Unfortunately, with Lorenzen’s happiness hanging in the balance, doctors must make decisions “in a fog of uncertainty.”  What’s worse, even biostatisticians are helpless:  “We don’t know which is right,” says David Reboussin, an expert in numeric science who hopes the answer will be revealed in a “rigorous study” called Sprint.  (The Pythagoreans, too, had a penchant for austerity and exercise).

“Guideline makers have a conundrum” and are “all over the map,” Kolata says, prompting some to look for the right numbers elsewhere:  Can the blood cholesterol number enlighten us as to the optimal pressure value?  Will it reveal the sweet spot on the “J curve,” the point of intersection between maximum benefit and minimum risk?
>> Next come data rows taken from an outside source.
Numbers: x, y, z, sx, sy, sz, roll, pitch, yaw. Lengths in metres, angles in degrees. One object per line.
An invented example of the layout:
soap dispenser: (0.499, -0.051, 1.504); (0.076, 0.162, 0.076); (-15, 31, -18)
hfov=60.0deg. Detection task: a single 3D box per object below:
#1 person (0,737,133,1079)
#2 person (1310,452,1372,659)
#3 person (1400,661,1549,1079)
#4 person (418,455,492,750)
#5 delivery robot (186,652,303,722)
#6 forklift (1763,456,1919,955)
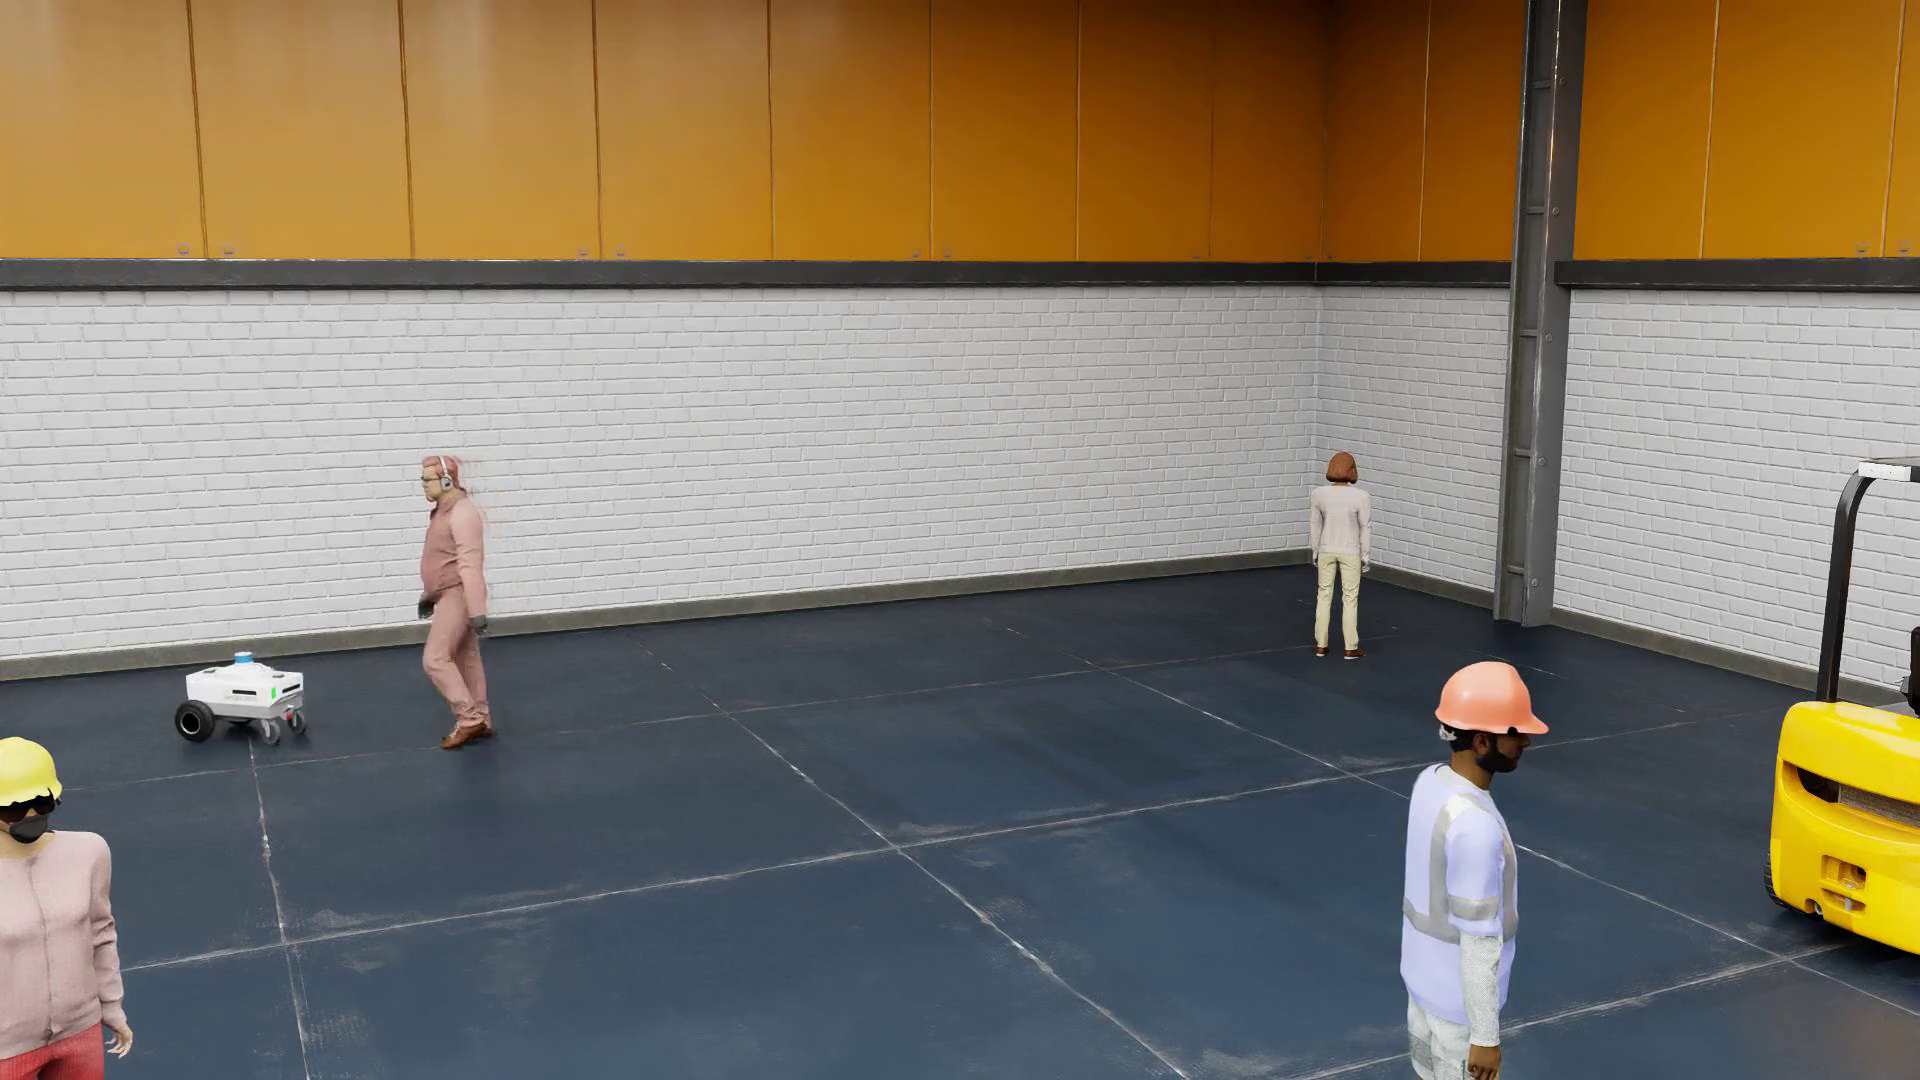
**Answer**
person: (-2.593, 1.408, 4.683); (0.326, 1.767, 0.533); (6, 11, 32)
person: (2.989, 0.121, 13.072); (0.499, 1.635, 0.287); (6, 11, 31)
person: (1.475, 1.298, 4.835); (0.363, 1.935, 0.553); (0, 9, 0)
person: (-3.243, 0.392, 10.618); (0.505, 1.887, 0.663); (-3, 10, -21)
delivery robot: (-4.654, 0.974, 10.834); (0.707, 0.478, 0.477); (2, 10, 15)
forklift: (4.857, 0.731, 7.561); (2.313, 2.155, 1.214); (-4, 10, -25)

Only time will tell, of course, but we may wish to remember that the current generation of physicians and scientists is not the first one to be puzzled by the mystery of the blood pressure.  Some fifty years ago, George Pickering expressed his bafflement about the “force” inside our arteries as follows:

The ‘disease’ essential hypertension…is thus a type of disease not hitherto recognized in medicine in which the defect is one of degree not of kind, quantitative not qualitative.

But Pickering had no interest in determining the ideal quantity of pressure.  Such a pursuit, he thought, was motivated by “the fallacy of the dividing line.”  Instead, Sir George and Baron Platt were occupied with a decidedly more Aristotelian question: It was the nature of hypertension that was worth debating, not any cut-off number to artifactually distinguish health from disease.

Pickering and Platt have gone to their final rest, while the neo-Pythagoreans remain relentless in their quantitative pursuits.  But as Herb Fred and I have tersely argued, answers to the riddle of hypertension come not from interrogating spreadsheets or pondering statistics, but from examining patients, lest we go on treating them “by the numbers, for the numbers.